═════ RECORDS FOR THE EXERCISE

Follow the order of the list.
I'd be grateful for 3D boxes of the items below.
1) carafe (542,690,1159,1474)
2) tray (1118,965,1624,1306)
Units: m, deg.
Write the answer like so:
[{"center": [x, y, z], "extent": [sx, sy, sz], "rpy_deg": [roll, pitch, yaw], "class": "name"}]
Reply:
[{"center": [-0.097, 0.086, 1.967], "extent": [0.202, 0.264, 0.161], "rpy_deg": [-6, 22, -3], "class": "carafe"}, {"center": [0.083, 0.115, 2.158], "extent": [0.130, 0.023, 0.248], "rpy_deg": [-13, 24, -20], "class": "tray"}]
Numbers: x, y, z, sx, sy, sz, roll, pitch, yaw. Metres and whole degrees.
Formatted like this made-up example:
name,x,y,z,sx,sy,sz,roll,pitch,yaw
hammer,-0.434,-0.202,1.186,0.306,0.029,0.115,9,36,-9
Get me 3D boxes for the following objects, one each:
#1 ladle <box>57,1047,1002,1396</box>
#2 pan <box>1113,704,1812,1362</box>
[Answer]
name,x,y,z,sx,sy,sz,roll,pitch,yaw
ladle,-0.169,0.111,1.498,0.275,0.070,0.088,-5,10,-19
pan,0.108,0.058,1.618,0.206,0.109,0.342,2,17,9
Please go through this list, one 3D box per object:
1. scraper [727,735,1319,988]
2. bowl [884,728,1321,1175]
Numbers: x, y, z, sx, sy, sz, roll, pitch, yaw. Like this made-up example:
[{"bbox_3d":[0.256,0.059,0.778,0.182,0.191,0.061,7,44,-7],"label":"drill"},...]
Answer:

══════════

Each line above that has the word "list" should be copied.

→ **ANSWER FOR THIS EXERCISE**
Follow the order of the list.
Please go through this list, one 3D box per object:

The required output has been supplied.